Une polémique avec la Chine
 
Deux bronzes, représentant une tête de rat et une tête de lapin d'une hauteur d'une quarantaine de centimètres, ont été au cœur d’un conflit avec la Chine, qui accuse Christie’s de les avoir vendu illégalement. Ces bronzes proviennent du sac du Palais d'été à Pékin par des soldats français et britanniques en 1860. L'Association pour la protection de l'art chinois en Europe (Apace), basée à Paris, réclamait en référé la suspension de la vente des deux bronzes chinois, estimés entre 8 et 10 millions d'euros pièce. Ils ont finalement été cédés pour 31,4 millions d'euros, soit 15,7 millions par pièce. Depuis, Pékin ne décolère pas et a accusé jeudi Christie's d'avoir vendu à plusieurs reprises des biens chinois pillés. Et d’annoncer un renforcement des contrôles sur les achats de la maison d'enchères en Chine.
 
Un «accident» du marché
 
Une vente exceptionnelle ne signifie pas pour autant un marché de l’art relancé. «Cette vente peut être considérée comme un "accident" dans la tendance de repli du marché de l'art, explique à 20minutes.fr Dominique Sagot-Duvauroux, professeur d'économie à l'université d'Angers et spécialiste de l'économie de l'art.

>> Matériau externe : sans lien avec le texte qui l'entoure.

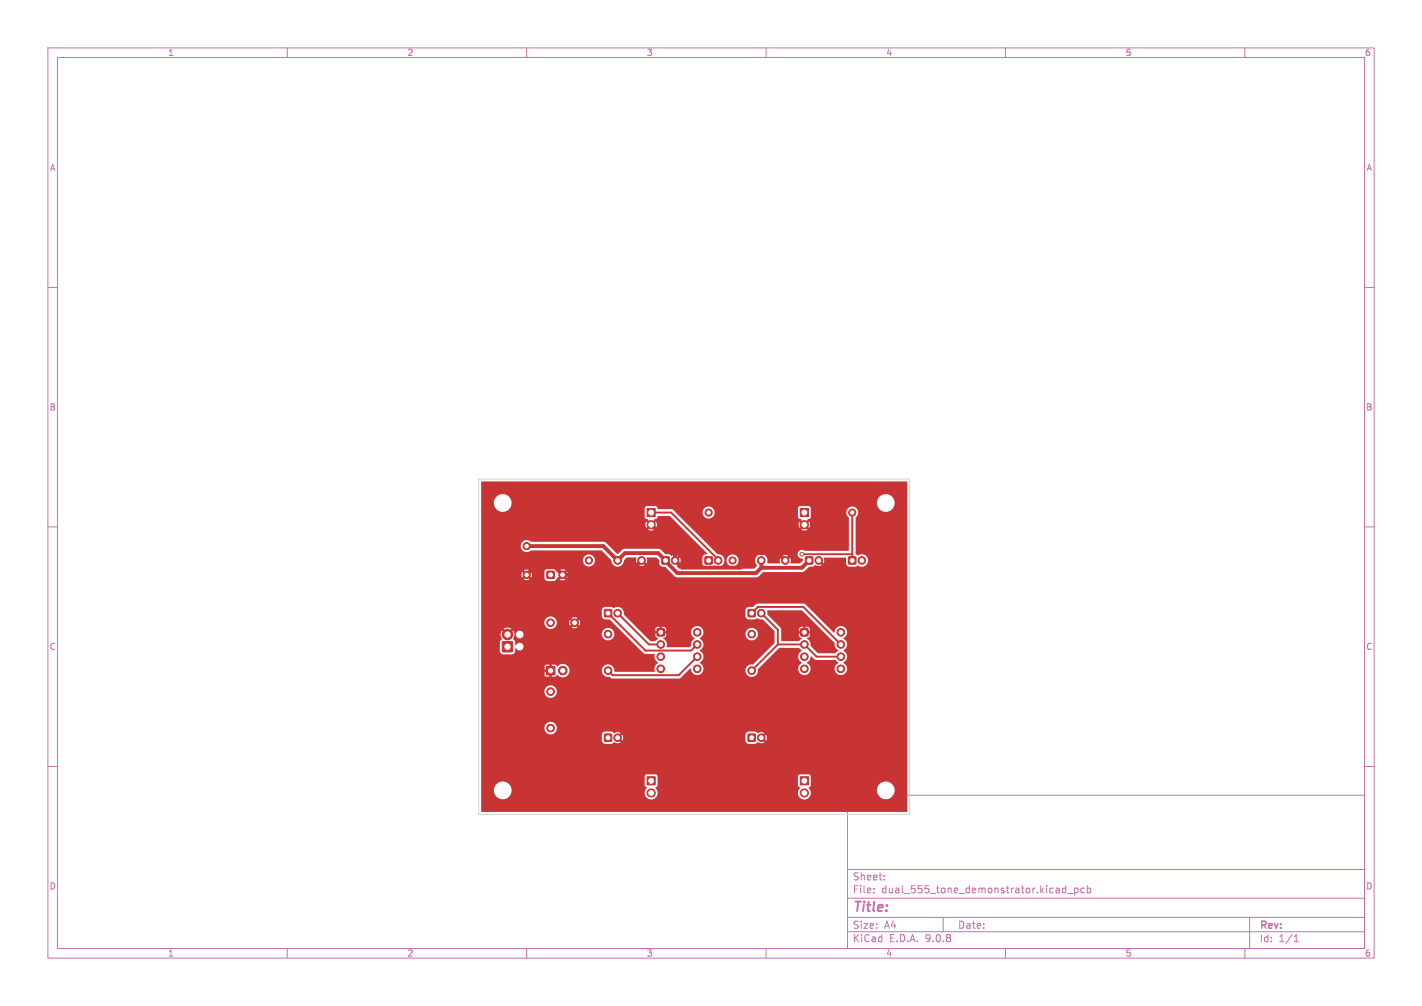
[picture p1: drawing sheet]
<svg xmlns="http://www.w3.org/2000/svg" width="297mm" height="210mm" viewBox="0 0 297 210" stroke-linecap="round" stroke-linejoin="round" font-family="sans-serif">
<defs><g id="words">
<text font-size="2.8" fill="#c872ab" x="178" y="190.9">Title:</text>
<g font-size="2.1" fill="#c872ab">
<text x="178" y="184">Sheet:</text>
<text x="178" y="186.7">File:</text>
<text x="184.1" y="186.7">dual_555_tone_demonstrator.kicad_pcb</text>
<text x="178" y="196.9">KiCad</text>
<text x="178" y="194.1">Size:</text>
<text x="184.7" y="194.1">A4</text>
<text x="185.7" y="196.9">E.D.A.</text>
<text x="193.3" y="196.9">9.0.8</text>
<text x="200" y="194.1">Date:</text>
<text x="263" y="194.3">Rev:</text>
<text x="263" y="196.9">Id:</text>
<text x="267.1" y="196.9">1/1</text>
</g>
<g font-size="1.8" fill="#c872ab">
<text x="35" y="11.9">1</text>
<text x="85" y="11.9">2</text>
<text x="135" y="11.9">3</text>
<text x="185" y="11.9">4</text>
<text x="235" y="11.9">5</text>
<text x="285" y="11.9">6</text>
<text x="10.3" y="35.9">A</text>
<text x="285.4" y="35.9">A</text>
<text x="10.3" y="85.9">B</text>
<text x="285.3" y="85.9">B</text>
<text x="10.3" y="135.9">C</text>
<text x="285.3" y="135.9">C</text>
<text x="10.3" y="185.9">D</text>
<text x="285.3" y="185.9">D</text>
<text x="35" y="199.9">1</text>
<text x="85" y="199.9">2</text>
<text x="135" y="199.9">3</text>
<text x="185" y="199.9">4</text>
<text x="235" y="199.9">5</text>
<text x="285" y="199.9">6</text>
</g>
</g></defs>
<g fill="none" stroke="#c872ab" stroke-width=".21">
<path d="M10 10h277v190h-277zM12 12h273v186h-273zM60 10v2M110 10v2M160 10v2M210 10v2M260 10v2M10 60h2M285 60h2M10 110h2M285 110h2M10 160h2"/>
<path d="M177 166h108v32h-108zM285 160h2M60 198v2M110 198v2M160 198v2M177 194.5h108M177 191.5h108M177 187.5h108M177 181.5h108M182.5 186.3v.1M182.5 185.5v.1M184.7 183.6v.1"/>
<path d="M184.7 182.8v.1M197 191.5v3M210 198v2M222 186.3l.2 .1 .4-.1M222.6 184.9v1.5M222.6 185.5l-.4-.1-.2 .1M223 186.5h1.1M224.5 185.5l.4-.1 .3 .3-.2 .6h-.5M224.5 185.4v1.5M226.5 185.5l-.5-.1-.3 .3 .2 .6h.6M227.1 185.5l.4-.1 .3 .3-.1 .6h-.6M227.1 184.9v1.5"/>
<path d="M260 198v2M261 191.5v6.5M270.3 196.6h.9M270.3 195.5l.4-.4v1.5"/>
</g>
<g fill="#c83434" stroke="#c83434" stroke-width=".21">
<path d="M167.1 162.2h1.7v1.7h-1.7z"/>
<path d="M168.3 116.3h1.4v1.4h-1.4z"/>
<path d="M126.3 153.3h1.4v1.4h-1.4z"/>
<path d="M126.3 127.3h1.4v1.4h-1.4z"/>
<path d="M137.3 131.3h1.4v1.4h-1.4z"/>
<path d="M114.3 119.3h1.4v1.4h-1.4z"/>
<path d="M167.1 106.2h1.7v1.7h-1.7z"/>
<path d="M135.1 106.2h1.7v1.7h-1.7z"/>
<path d="M167.3 131.3h1.4v1.4h-1.4z"/>
<path d="M156.3 127.3h1.4v1.4h-1.4z"/>
<path d="M147.3 116.3h1.4v1.4h-1.4z"/>
<path d="M156.3 153.3h1.4v1.4h-1.4z"/>
<path d="M135.1 162.2h1.7v1.7h-1.7z"/>
<path d="M138.3 116.3h1.4v1.4h-1.4z"/>
<path d="M105 134h2v2h-2z"/>
<path d="M177.3 116.3h1.4v1.4h-1.4z"/>
<path d="M114.1 139.1h1.8v1.8h-1.8z"/>
<circle cx="168" cy="165.5" r=".85"/>
<circle cx="153" cy="117" r=".75"/>
<circle cx="110" cy="120" r=".75"/>
<circle cx="178" cy="107" r=".75"/>
<circle cx="171" cy="117" r=".8"/>
<circle cx="129" cy="154" r=".8"/>
<circle cx="157" cy="140" r=".8"/>
<circle cx="157" cy="132.4" r=".8"/>
<circle cx="129" cy="128" r=".8"/>
<circle cx="138" cy="134.5" r=".8"/>
<circle cx="138" cy="137.1" r=".8"/>
<circle cx="138" cy="139.6" r=".8"/>
<circle cx="145.6" cy="139.6" r=".8"/>
<circle cx="145.6" cy="137.1" r=".8"/>
<circle cx="145.6" cy="134.5" r=".8"/>
<circle cx="145.6" cy="132" r=".8"/>
<circle cx="117.5" cy="120" r=".8"/>
<circle cx="159" cy="117" r=".8"/>
<circle cx="164" cy="117" r=".8"/>
<circle cx="168" cy="109.5" r=".85"/>
<circle cx="136" cy="109.5" r=".85"/>
<circle cx="115" cy="130" r=".8"/>
<circle cx="120" cy="130" r=".8"/>
<circle cx="168" cy="134.5" r=".8"/>
<circle cx="168" cy="137.1" r=".8"/>
<circle cx="168" cy="139.6" r=".8"/>
<circle cx="175.6" cy="139.6" r=".8"/>
<circle cx="175.6" cy="137.1" r=".8"/>
<circle cx="175.6" cy="134.5" r=".8"/>
<circle cx="175.6" cy="132" r=".8"/>
<circle cx="159" cy="128" r=".8"/>
<circle cx="129" cy="117" r=".8"/>
<circle cx="134" cy="117" r=".8"/>
<circle cx="150" cy="117" r=".8"/>
<circle cx="159" cy="154" r=".8"/>
<circle cx="115" cy="152" r=".8"/>
<circle cx="115" cy="144.4" r=".8"/>
<circle cx="123" cy="117" r=".75"/>
<circle cx="136" cy="165.5" r=".85"/>
<circle cx="127" cy="140" r=".8"/>
<circle cx="127" cy="132.4" r=".8"/>
<circle cx="148" cy="107" r=".75"/>
<circle cx="141" cy="117" r=".8"/>
<circle cx="106" cy="132.5" r="1.1"/>
<circle cx="180" cy="117" r=".8"/>
<circle cx="110" cy="114" r=".75"/>
<circle cx="117.5" cy="140" r=".9"/>
<circle cx="167.5" cy="115.7" r=".4"/>
</g>
<path d="M110 114h16l2.6 2.6h.8l1.1-1.1h7l4 4.1h16.4l1.1-1.1M134 117l-3 3h-13.5l-1.6-1.6h-4.3l-1.6 1.6M136 109.5l5 5v2.5l1.5 1.5h12.1l3.1-3h4.8l1.5 1.5M159 117v1.5M169 117l-1.5 1.5h-8.5" fill="none" stroke="#c83434" stroke-width=".8"/>
<path d="M136 107h4.2l9.8 9.8v.2M167.5 115.7h10.5M178 107v10M127 128l7.8 7.8h9.5l1.3-1.3M129 128l6.5 6.5h2.5M145.6 137.1l-3.9 3.9h-13.8l-.9-1M157 128l1.3-1.3h9.5l7.8 7.8M159 128l3.5 3.5v3M162.5 134.5h5.5l2.5 2.6h5.1M162.5 134.5l-5.5 5.5" fill="none" stroke="#c83434" stroke-width=".4"/>
<g fill="#c83434">
<path d="M160.3 127.4h7.2l6.8 6.9a1.58 1.58 0 0 0 .8 1.5l-.6 .6h-3.6l-1.6-1.5a1.61 1.61 0 0 0-.8-1.6l.1-.1a.67 .67 0 0 0 .5-.9h-.8v-.5h.8a.71 .71 0 0 0-.1-.8 .71 .71 0 0 0-.8-.1v.8h-.5v-.8a.71 .71 0 0 0-.7 .1 .71 .71 0 0 0-.2 .8h.9v.5h-.9a.79 .79 0 0 0 .7 .9l-.7 .6h-3.6l-.1-2.7-2.8-2.8z"/>
<path d="M100.5 100.6l88.9-.1 .1 .1-.1 68.9h-88.8l-.1-4.6h2.6a1.85 1.85 0 0 0 2.6 1.8 1.85 1.85 0 0 0 .5-3.1 1.85 1.85 0 0 0-3 1l-.1 .3h-2.6v-2.8h34.1l.1 1.9 .4 .5a1.39 1.39 0 0 0-.1 2 1.39 1.39 0 0 0 2.1-.1 1.39 1.39 0 0 0-.2-2l.4-.4 .1-1.9h29.2l.1 1.9 .4 .4a1.47 1.47 0 0 0 .6 2.5 1.35 1.35 0 0 0 1.4-.5 1.35 1.35 0 0 0 .1-1.5h13.9v.2a1.85 1.85 0 0 0 2.9 1.5 1.85 1.85 0 0 0 0-3.2 1.85 1.85 0 0 0-2.9 1.5h-13.9l-.3-.4 .4-.5 .1-1.9-.2-.3-.3-.2-1.9 .1-.4 .4h-29.2l-.4-.4-1.9-.1-.3 .2-.2 .3h-34.1v-8.7h25.2v1.3l.3 .4 .4 .2 1.5-.1a.5 .5 0 0 1 .8-.1l.9-.1-.6-.6 .4-.4 .6 .6a1.15 1.15 0 0 0 0-1.2h25.7v1.3l.3 .4 .4 .2 1.5-.1a.5 .5 0 0 1 .8-.1l.9-.1-.6-.6 .4-.4 .6 .6a1.15 1.15 0 0 0 0-1.2l-.6 .6-.4-.4 .6-.6a1.46 1.46 0 0 0-1.4 .1l-.5-.4h-1.3l-.4 .2-.3 .5h-25.7l-.6 .6-.4-.4 .6-.6a1.37 1.37 0 0 0-1.4 .1l-.5-.4h-1.3l-.4 .2-.3 .5h-25.2v-1.5h13.2v.2a1.3 1.3 0 0 0 2 1 1.3 1.3 0 0 0 0-2.2 1.3 1.3 0 0 0-2 1h-13.2v-7.6h13.2v.2a1.3 1.3 0 0 0 2 1 1.3 1.3 0 0 0 0-2.2 1.3 1.3 0 0 0-2 1h-13.2v-5.2h13.2v.7h.9v.5h-.9l.2 .9 .8 .1v-.9h.5v.9l.8-.1 .4-.3a1.43 1.43 0 0 0 2.1 .1 1.43 1.43 0 0 0-.1-2.1 1.43 1.43 0 0 0-2.1 .2l-.3-.3h-.8v.8h-.5v-.8h-.7l-.3 .3h-13.2v-5h3.9v1.8l.2 .4 .4 .3h1.9a.85 .85 0 0 0 .7-1.2l.2-.1a.81 .81 0 0 0 1.3 .3 .81 .81 0 0 0-.1-1.3 .81 .81 0 0 0-1.2 .4l-.2-.1-.1-.8-.3-.4 .2-1h.3a.8 .8 0 0 0 .9 .9 .8 .8 0 0 0 .7-1h16.4v.2a1.3 1.3 0 0 0 2 1 1.3 1.3 0 0 0 0-2.2 1.3 1.3 0 0 0-2 1l-16.4-.1a.8 .8 0 0 0-.8-.5 .8 .8 0 0 0-.8 .7h-.3l-.2-.8-.7 .7-.3-.4 .6-.7a1.44 1.44 0 0 0-1.6 .1l.6 .6-.3 .4-.7-.6a1.75 1.75 0 0 0 0 1.7l-.4 .7h-3.9v-4.2h13.2v.2a1.3 1.3 0 0 0 1.4 1.2 1.3 1.3 0 0 0 1.2-1.4h2.6l.1 .7 .6-.6 .4 .4-.6 .6a1.15 1.15 0 0 0 1.2 0l-.6-.6 .4-.4 .6 .6a1.15 1.15 0 0 0 0-1.2l-.6 .6-.4-.4 .6-.6a1.15 1.15 0 0 0-1.2 0l.6 .6-.4 .4-.6-.6-.1 .5h-2.6a1.3 1.3 0 0 0-1.3-1.2 1.3 1.3 0 0 0-1.3 1.2h-13.2v-2.5h25.2v1.2a.74 .74 0 0 0 .7 .7h.9l7.1 7.1 .3 .1 2.1 .1a1.53 1.53 0 0 0 .7 1.8l-.1 .1a1.47 1.47 0 0 0-.6 1.7h-8.4a1.34 1.34 0 0 0-1.3-1.5 1.34 1.34 0 0 0-1.4 1.4 1.34 1.34 0 0 0 1.6 1.2l.6 .4h13.9l.4-.2 1.9-1.9h.2a1.33 1.33 0 0 0 2.1 1.1 1.33 1.33 0 0 0-.3-2.4 1.42 1.42 0 0 0 .8-1.2 1.42 1.42 0 0 0-.8-1.3 1.43 1.43 0 0 0 0-2.5l.5-.5 .3-.5h8.8a1.3 1.3 0 0 0 1.8 1.3 1.3 1.3 0 0 0 .3-2.2 1.3 1.3 0 0 0-2.1 .7v.2h-8.8a1.33 1.33 0 0 0-1-1.5 1.33 1.33 0 0 0-1.6 .8 1.33 1.33 0 0 0 .8 1.7l-.1 .1a1.43 1.43 0 0 0-.7 1.5l-.3 .2-4.8-.1a1.51 1.51 0 0 0-.7-1.7l.1-.1a.67 .67 0 0 0 .5-.9h-.8v-.5h.8l-.1-.8-.8-.1v.8h-.4v-.8a.71 .71 0 0 0-.8 .1 .71 .71 0 0 0-.2 .8h.9v.5h-.9l.1 .6 .6 .4-.6 .5h-1.1l-5.5-5.5-.1-.9h25.5v1.3l.3 .4 .4 .2 1.5-.1a.54 .54 0 0 1 .8 .1h.6l2.4 2.4 .1 2.5-4.5 4.5a1.32 1.32 0 0 0-1.6 1.3 1.32 1.32 0 0 0 1.5 1.3 1.32 1.32 0 0 0 1.1-1.6l4.5-4.5h4l.7 .6a1.42 1.42 0 0 0-.8 1.3 1.42 1.42 0 0 0 .8 1.3 1.34 1.34 0 0 0-.5 2 1.34 1.34 0 0 0 2.1 0 1.34 1.34 0 0 0-.6-2.1l.6-.5 .3-.8 .9 .8h4.2l.6 .6a1.32 1.32 0 0 0-.4 2.1 1.32 1.32 0 0 0 2.1-.2 1.32 1.32 0 0 0-.7-2 1.42 1.42 0 0 0 .8-1.2 1.42 1.42 0 0 0-.8-1.3 1.43 1.43 0 0 0 0-2.5 1.35 1.35 0 0 0 .2-2.4 1.35 1.35 0 0 0-2.1 1.2l-6-5.9-.3-.2h-9.7l-.9 .7-1.2 .1-.2 .2-.2 .4h-25.5a1.47 1.47 0 0 0-2.1-.5l-.4-.2h-1.4l-.4 .3-.2 .4h-25.2v-6.5h8.9a1.1 1.1 0 0 0 1.2 0l-.6-.5-.6 .5h-8.9v-1h8.4l.2 .7 .5-.6h.1a.35 .35 0 0 0 .3 .4 .35 .35 0 0 0 .4-.4l.5 .6a1.1 1.1 0 0 0 0-1.2l-.5 .6a.38 .38 0 0 0-.4-.4 .38 .38 0 0 0-.4 .4l-.5-.6-.2 .5h-8.4v-.8h8.9l.6 .5 .2-.2h3.5v1.2l.2 .4 .4 .3h1.3a.93 .93 0 0 0 .8-.7h.1l.6-.6 .4 .4-.6 .6a1.15 1.15 0 0 0 1.2 0l-.6-.6 .4-.4 .6 .6a1.15 1.15 0 0 0 0-1.2l-.6 .6-.4-.4 .6-.6a1.15 1.15 0 0 0-1.2 0l.6 .6-.4 .4-.6-.6h-.2l-.4-.6-1.5-.1a.74 .74 0 0 0-.7 .7h-3.5l.4-.3a1.1 1.1 0 0 0-1.2 0h-8.9v-2.2h21.2v.2a1.25 1.25 0 0 0 2 1 1.25 1.25 0 0 0 0-2.2 1.25 1.25 0 0 0-2 1h-21.2v-3h8.2v.2a1.29 1.29 0 0 0 .9 1.1 1.29 1.29 0 0 0 1.3-.3h14.7l2.1 2a1.34 1.34 0 0 0 1.3 1.4 1.34 1.34 0 0 0 1.3-1.4l.6-.5h2l-.1 .7 .2 .5 .6-.6 .4 .4-.6 .6a1.15 1.15 0 0 0 1.2 0l-.6-.6 .4-.4 .6 .6 .1-.5-.1-.6 .2-.1h1.9l.6 .6v.6a.74 .74 0 0 0 .7 .7h.5l2 2 .5 .2h16.6l.5-.2 .9-.9h8.2l.5-.2 .9-.9 1-.2a.4 .4 0 0 1 .4-.2 .4 .4 0 0 1 .3 .2l.9-.1-.6-.6 .4-.4 .6 .6 .2-1.2h4.4l.1 .1v1.2l.3 .4 .4 .2 1.5-.1a.54 .54 0 0 1 .8 .1 1.33 1.33 0 0 0 1.6-1.7 1.33 1.33 0 0 0-2.2-.7l-.4-.3v-7.5a1.28 1.28 0 0 0 .3-1.9 1.28 1.28 0 0 0-2 0 1.28 1.28 0 0 0 .3 1.9l-.1 6.9h-9.2a.93 .93 0 0 0-1.4 .6 .93 .93 0 0 0 1.1 1.1v.3l-.6 .6h-1.9l-.2-1.2-.6 .6-.4-.4 .6-.6a1.14 1.14 0 0 0-1.2 0l.6 .6-.4 .4-.6-.6-.2 .5 .1 .7h-2.6a1.35 1.35 0 0 0-1.5-1.9 1.35 1.35 0 0 0-.7 2.3l-.6 .7h-15.6l-.5-.4 .2-.3-.6-.6 .4-.4 .6 .6a1.15 1.15 0 0 0 0-1.2l-.6 .6-.4-.4 .6-.6a1.46 1.46 0 0 0-1.4 .1l-.5-.4h-.7l-1-.9-.4-.2h-7.2l-.4 .2-1 .9-2.4-2.4-.5-.2h-15.2a1.28 1.28 0 0 0-1.3-.3 1.28 1.28 0 0 0-.9 1.1h-8.2v-9h2.6v.2a1.85 1.85 0 0 0 1.4 1.7 1.85 1.85 0 0 0 2-.7h28.1v1.8a.56 .56 0 0 0 .7 .5l.6 .7-.4 .3-.5-.5a1.19 1.19 0 0 0 0 1.3l.5-.5 .4 .3-.5 .6a1.2 1.2 0 0 0 1.3-.1l-.6-.5 .4-.3 .5 .5a1.2 1.2 0 0 0 0-1.3l-.5 .5-.4-.3 .6-.7a.79 .79 0 0 0 .8-.7h2.4l7.8 7.8-.1 .2a.77 .77 0 0 0-.9 .7v1.3l.3 .4 .4 .2 1.5-.1a.54 .54 0 0 1 .8 .1h.2a1.3 1.3 0 0 0 1.4-1.4h.4v.2a1.25 1.25 0 0 0 2 1 1.25 1.25 0 0 0 0-2.2 1.25 1.25 0 0 0-2 1h-.4a1.38 1.38 0 0 0-1.5-1.2l-8.7-8.8h5.6v.2a1.25 1.25 0 0 0 1.8 1 1.25 1.25 0 0 0 .4-2h17.7v1.8a.56 .56 0 0 0 .7 .5l.6 .7-.4 .3-.5-.5a1.19 1.19 0 0 0 0 1.3l.5-.5 .4 .3-.5 .6a1.2 1.2 0 0 0 1.3-.1l-.6-.5 .4-.3 .5 .5a1.2 1.2 0 0 0 0-1.3l-.5 .5-.4-.3 .6-.7a.55 .55 0 0 0 .7-.5l-.1-1.9-.4-.4-1.9 .1-.4 .4h-17.7a1.25 1.25 0 0 0-1.3-.3 1.25 1.25 0 0 0-.9 1.1h-5.6l-.9-.6h-2.8l-.2-.5-.3-.2-1.9 .1-.4 .4h-28.1l.3-.5 .1-.7h76.2a1.85 1.85 0 0 0 2.6 1.8 1.85 1.85 0 0 0 .5-3.1 1.85 1.85 0 0 0-3 1l-.1 .3h-76.2a1.85 1.85 0 0 0-1.9-1.8 1.85 1.85 0 0 0-1.9 1.8h-2.6z"/>
</g>
<path d="M100 100h90v70h-90z" fill="none" stroke="#d0d2cd" stroke-width=".21"/>
<g fill="#fff" stroke="#fff" stroke-width=".21">
<circle cx="167.5" cy="115.7" r=".2"/>
<circle cx="168" cy="163" r=".5"/>
<circle cx="168" cy="165.5" r=".5"/>
<circle cx="153" cy="117" r=".35"/>
<circle cx="110" cy="120" r=".35"/>
<circle cx="178" cy="107" r=".35"/>
<circle cx="105" cy="105" r="1.6"/>
<circle cx="169" cy="117" r=".4"/>
<circle cx="171" cy="117" r=".4"/>
<circle cx="127" cy="154" r=".4"/>
<circle cx="129" cy="154" r=".4"/>
<circle cx="157" cy="140" r=".4"/>
<circle cx="157" cy="132.4" r=".4"/>
<circle cx="127" cy="128" r=".4"/>
<circle cx="129" cy="128" r=".4"/>
<circle cx="138" cy="132" r=".4"/>
<circle cx="138" cy="134.5" r=".4"/>
<circle cx="138" cy="137.1" r=".4"/>
<circle cx="138" cy="139.6" r=".4"/>
<circle cx="145.6" cy="139.6" r=".4"/>
<circle cx="145.6" cy="137.1" r=".4"/>
<circle cx="145.6" cy="134.5" r=".4"/>
<circle cx="145.6" cy="132" r=".4"/>
<circle cx="115" cy="120" r=".4"/>
<circle cx="117.5" cy="120" r=".4"/>
<circle cx="159" cy="117" r=".4"/>
<circle cx="164" cy="117" r=".4"/>
<circle cx="185" cy="105" r="1.6"/>
<circle cx="185" cy="165" r="1.6"/>
<circle cx="168" cy="107" r=".5"/>
<circle cx="168" cy="109.5" r=".5"/>
<circle cx="136" cy="107" r=".5"/>
<circle cx="136" cy="109.5" r=".5"/>
<circle cx="115" cy="130" r=".4"/>
<circle cx="120" cy="130" r=".4"/>
<circle cx="168" cy="132" r=".4"/>
<circle cx="168" cy="134.5" r=".4"/>
<circle cx="168" cy="137.1" r=".4"/>
<circle cx="168" cy="139.6" r=".4"/>
<circle cx="175.6" cy="139.6" r=".4"/>
<circle cx="175.6" cy="137.1" r=".4"/>
<circle cx="175.6" cy="134.5" r=".4"/>
<circle cx="175.6" cy="132" r=".4"/>
<circle cx="157" cy="128" r=".4"/>
<circle cx="159" cy="128" r=".4"/>
<circle cx="129" cy="117" r=".4"/>
<circle cx="134" cy="117" r=".4"/>
<circle cx="148" cy="117" r=".4"/>
<circle cx="150" cy="117" r=".4"/>
<circle cx="157" cy="154" r=".4"/>
<circle cx="159" cy="154" r=".4"/>
<circle cx="115" cy="152" r=".4"/>
<circle cx="115" cy="144.4" r=".4"/>
<circle cx="123" cy="117" r=".35"/>
<circle cx="136" cy="163" r=".5"/>
<circle cx="136" cy="165.5" r=".5"/>
<circle cx="127" cy="140" r=".4"/>
<circle cx="127" cy="132.4" r=".4"/>
<circle cx="148" cy="107" r=".35"/>
<circle cx="139" cy="117" r=".4"/>
<circle cx="141" cy="117" r=".4"/>
<circle cx="108.5" cy="135" r=".55"/>
<circle cx="108.5" cy="132.5" r=".55"/>
<circle cx="106" cy="135" r=".55"/>
<circle cx="106" cy="132.5" r=".55"/>
<circle cx="105" cy="165" r="1.6"/>
<circle cx="178" cy="117" r=".4"/>
<circle cx="180" cy="117" r=".4"/>
<circle cx="110" cy="114" r=".35"/>
<circle cx="115" cy="140" r=".45"/>
<circle cx="117.5" cy="140" r=".45"/>
</g>
<use href="#words"/>
</svg>

Son succès repose sur une collection d'exception, elle n'indique pas que le marché de l'art se redresse. Elle confirme juste que sur un marché morose, les oeuvres de grande qualité se vendent toujours, à la différence des oeuvres de qualité moyenne.» Si elle n’a pas permis de doper le marché, cette vente aura au moins fait rêver de nombreux amateurs d’art.